[Dataset records]
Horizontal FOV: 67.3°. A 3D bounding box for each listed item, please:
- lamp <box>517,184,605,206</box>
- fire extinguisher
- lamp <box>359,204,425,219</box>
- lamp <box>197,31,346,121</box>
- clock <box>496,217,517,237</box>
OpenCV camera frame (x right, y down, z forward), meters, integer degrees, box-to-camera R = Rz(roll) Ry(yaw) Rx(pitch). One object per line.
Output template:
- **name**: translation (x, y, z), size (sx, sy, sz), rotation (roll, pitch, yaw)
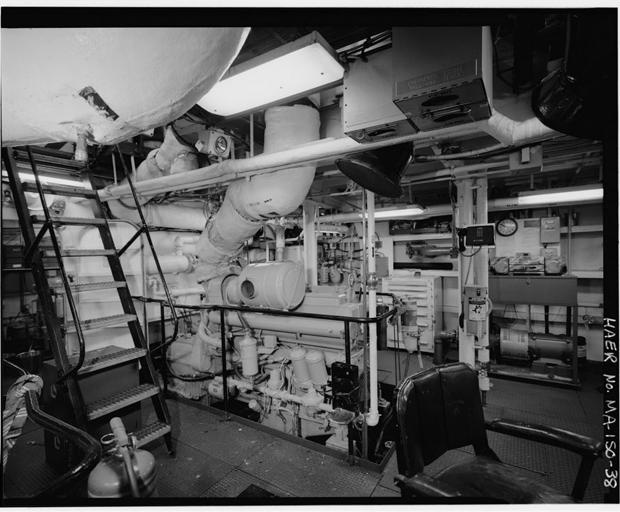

TASK DETAILS ▸
Return every line holding the word "pitch" from the records.

RESULT OF THIS TASK ▸
OpenCV camera frame (x right, y down, z forward), meters, integer degrees, box-to-camera R = Rz(roll) Ry(yaw) Rx(pitch). One object per line.
- **name**: translation (x, y, z), size (sx, sy, sz), rotation (roll, pitch, yaw)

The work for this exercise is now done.